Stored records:
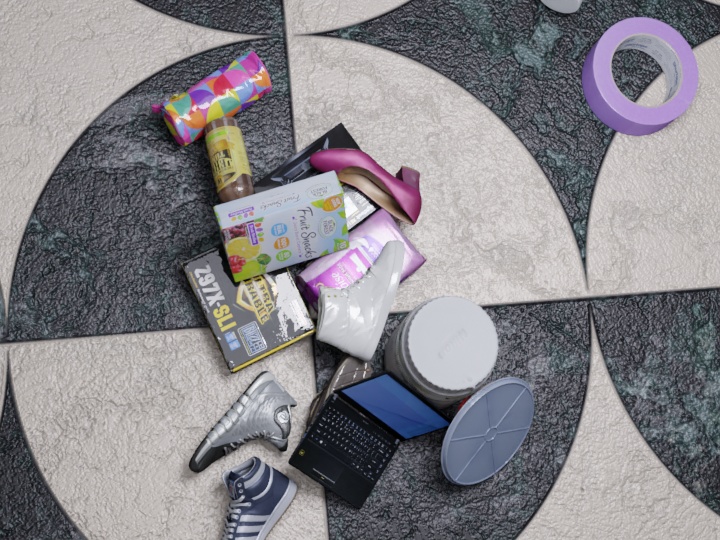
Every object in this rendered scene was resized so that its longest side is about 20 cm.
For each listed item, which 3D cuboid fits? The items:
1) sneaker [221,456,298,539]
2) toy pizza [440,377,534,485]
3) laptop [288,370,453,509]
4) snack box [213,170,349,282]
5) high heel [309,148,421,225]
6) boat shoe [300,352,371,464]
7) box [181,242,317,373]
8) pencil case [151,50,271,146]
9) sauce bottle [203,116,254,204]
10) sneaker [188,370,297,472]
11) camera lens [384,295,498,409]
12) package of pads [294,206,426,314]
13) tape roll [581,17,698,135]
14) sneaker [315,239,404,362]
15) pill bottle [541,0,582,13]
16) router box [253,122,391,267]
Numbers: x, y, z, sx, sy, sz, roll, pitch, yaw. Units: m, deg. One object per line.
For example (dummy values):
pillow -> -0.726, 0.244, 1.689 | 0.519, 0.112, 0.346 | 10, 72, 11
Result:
sneaker -> -0.193, 0.387, 1.632 | 0.109, 0.070, 0.201 | 45, 68, -24
toy pizza -> 0.202, 0.257, 1.690 | 0.200, 0.201, 0.032 | -41, 45, -13
laptop -> 0.019, 0.269, 1.638 | 0.177, 0.103, 0.201 | 40, 79, -33
snack box -> -0.122, -0.068, 1.653 | 0.197, 0.143, 0.053 | -17, 56, -8
high heel -> 0.009, -0.139, 1.718 | 0.197, 0.068, 0.097 | 10, 62, -10
boat shoe -> -0.050, 0.220, 1.691 | 0.074, 0.073, 0.202 | 30, 82, -36
box -> -0.185, 0.046, 1.727 | 0.158, 0.049, 0.202 | -25, 83, -10
pencil case -> -0.247, -0.293, 1.767 | 0.199, 0.088, 0.089 | -32, 85, -14
sauce bottle -> -0.209, -0.152, 1.715 | 0.064, 0.065, 0.203 | -13, 70, -10
sneaker -> -0.175, 0.268, 1.673 | 0.115, 0.075, 0.200 | 41, 76, -1
camera lens -> 0.127, 0.133, 1.671 | 0.157, 0.200, 0.163 | 2, 75, -7
package of pads -> 0.000, 0.000, 1.747 | 0.199, 0.076, 0.121 | -39, 83, -13
tape roll -> 0.504, -0.350, 1.888 | 0.197, 0.066, 0.203 | 1, 80, -7
sneaker -> -0.006, 0.030, 1.664 | 0.114, 0.074, 0.203 | 21, 78, -9
pill bottle -> 0.397, -0.573, 1.892 | 0.112, 0.113, 0.202 | 27, 77, -2
router box -> -0.065, -0.129, 1.774 | 0.199, 0.052, 0.158 | -36, 86, -13

TASK DIRECTIONS –
Print the records again exactly, pictures excluded.

WORKED SOLUTION –
Every object in this rendered scene was resized so that its longest side is about 20 cm.
For each listed item, which 3D cuboid fits? The items:
1) sneaker [221,456,298,539]
2) toy pizza [440,377,534,485]
3) laptop [288,370,453,509]
4) snack box [213,170,349,282]
5) high heel [309,148,421,225]
6) boat shoe [300,352,371,464]
7) box [181,242,317,373]
8) pencil case [151,50,271,146]
9) sauce bottle [203,116,254,204]
10) sneaker [188,370,297,472]
11) camera lens [384,295,498,409]
12) package of pads [294,206,426,314]
13) tape roll [581,17,698,135]
14) sneaker [315,239,404,362]
15) pill bottle [541,0,582,13]
16) router box [253,122,391,267]
Numbers: x, y, z, sx, sy, sz, roll, pitch, yaw. Units: m, deg. One object per line.
For example (dummy values):
pillow -> -0.726, 0.244, 1.689 | 0.519, 0.112, 0.346 | 10, 72, 11
Result:
sneaker -> -0.193, 0.387, 1.632 | 0.109, 0.070, 0.201 | 45, 68, -24
toy pizza -> 0.202, 0.257, 1.690 | 0.200, 0.201, 0.032 | -41, 45, -13
laptop -> 0.019, 0.269, 1.638 | 0.177, 0.103, 0.201 | 40, 79, -33
snack box -> -0.122, -0.068, 1.653 | 0.197, 0.143, 0.053 | -17, 56, -8
high heel -> 0.009, -0.139, 1.718 | 0.197, 0.068, 0.097 | 10, 62, -10
boat shoe -> -0.050, 0.220, 1.691 | 0.074, 0.073, 0.202 | 30, 82, -36
box -> -0.185, 0.046, 1.727 | 0.158, 0.049, 0.202 | -25, 83, -10
pencil case -> -0.247, -0.293, 1.767 | 0.199, 0.088, 0.089 | -32, 85, -14
sauce bottle -> -0.209, -0.152, 1.715 | 0.064, 0.065, 0.203 | -13, 70, -10
sneaker -> -0.175, 0.268, 1.673 | 0.115, 0.075, 0.200 | 41, 76, -1
camera lens -> 0.127, 0.133, 1.671 | 0.157, 0.200, 0.163 | 2, 75, -7
package of pads -> 0.000, 0.000, 1.747 | 0.199, 0.076, 0.121 | -39, 83, -13
tape roll -> 0.504, -0.350, 1.888 | 0.197, 0.066, 0.203 | 1, 80, -7
sneaker -> -0.006, 0.030, 1.664 | 0.114, 0.074, 0.203 | 21, 78, -9
pill bottle -> 0.397, -0.573, 1.892 | 0.112, 0.113, 0.202 | 27, 77, -2
router box -> -0.065, -0.129, 1.774 | 0.199, 0.052, 0.158 | -36, 86, -13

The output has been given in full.